There are (at least) two ways of interpreting that question, I think.

Can you build a 4e PC whose class is ranger, and who is a mechanically viable unarmed combatant? Not from the books that I'm familiar with (though there may be stuff in Dragon I don't know), although I personally don't think it would break the game if the GM let you swap your martial weapon proficiency for the Monk Unarmed Strike feature - and now you could be a two-weapon ranger who uses fists instead of longswords.

Alternatively, you could take Monk Unarmed Strike as a custom feat - it doesn't strike me as any more powerful, feat-wise, than a Superior Weapon Proficiency.

But a second interpretation of the question is - can you build a mechanically viable unarmed combatant who is a wilderness guide and tracker? And I think the answer to that question is "yes" - build a monk, or a brawler fighter, and take feats, background options, theme and/or multi-class options that get you Perception and Nature proficiency. Or even go for a hybrid brawler/ranger or monk/ranger.

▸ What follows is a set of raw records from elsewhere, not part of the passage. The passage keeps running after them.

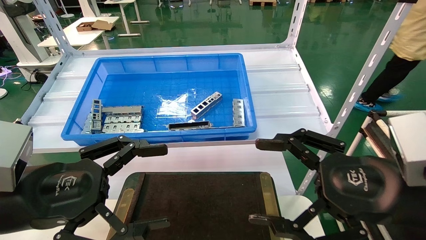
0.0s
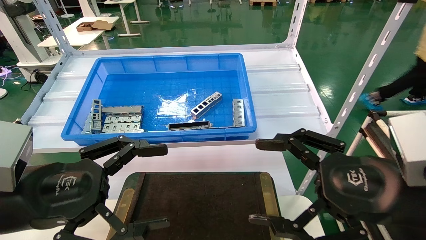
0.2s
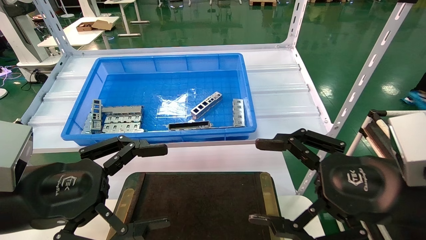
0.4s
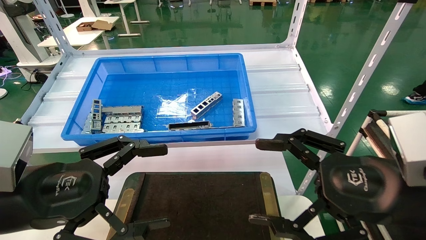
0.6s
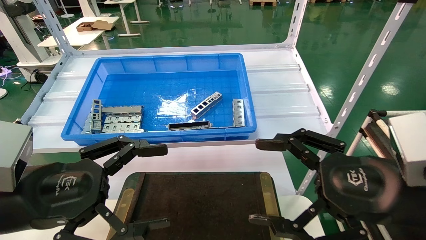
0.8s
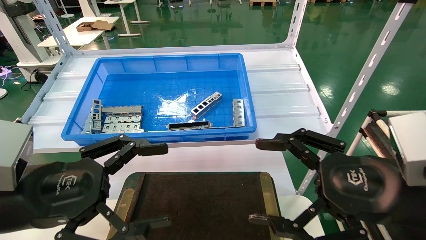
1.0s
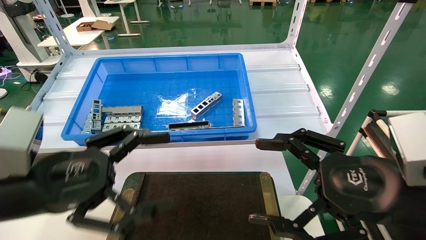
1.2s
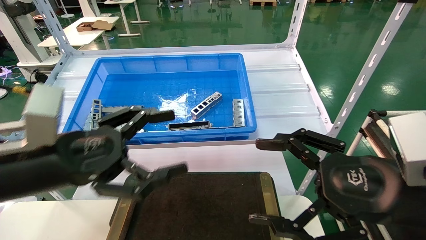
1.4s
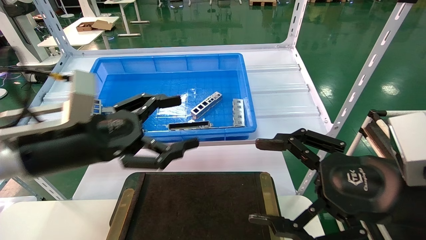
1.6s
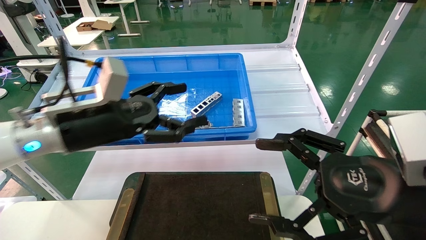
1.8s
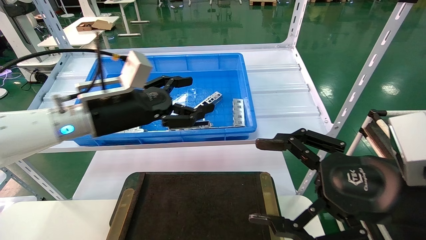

I think that any of these PCs will be as viable, in the 4e play space, as a 3E PHB ranger using Improved Unarmed Strike would be in the 3E play space. Perhaps moreso, because I don't know of any way for that 3E ranger to get his/her unarmed strike up to the same power level as a longsword.

So I think the answer to your question is "Yes".

Hey pemerton, upon further reflection I decided I actually want to go more in depth with my answer to you...

IMO the difference is that of customization. In your first example I get an archetype and the details of both concept and gameplay are left up to me to decide upon. In the second example I have to hope that the individual details of a simgle package will line up with what I want in both concept and gameplay.
OK. There's little doubt that compared to 3E, 4e emphasises "single packages" more, and customisation takes the form of choosing from long lists of big packages, where the fiddly stuff (powers, feats etc) tends to happen within constraints already set by those big packages.

But I don't particularly see this as a "role" thing. Rolemaster, compared to classic D&D and 3E, has a similar approach to spells - a spell-user has to choose a class, which determines a bundle of spell lists that are learnable, and there is no way of mixing and matching different spells onto those lists. But in Rolemaster this is not in service of "role" in the 4e sense. It is in service of flavour, and also (at least arguably) balance - no single PC can get access to all the best spells. Rolemaster does not have D&D-style "generic" wizards.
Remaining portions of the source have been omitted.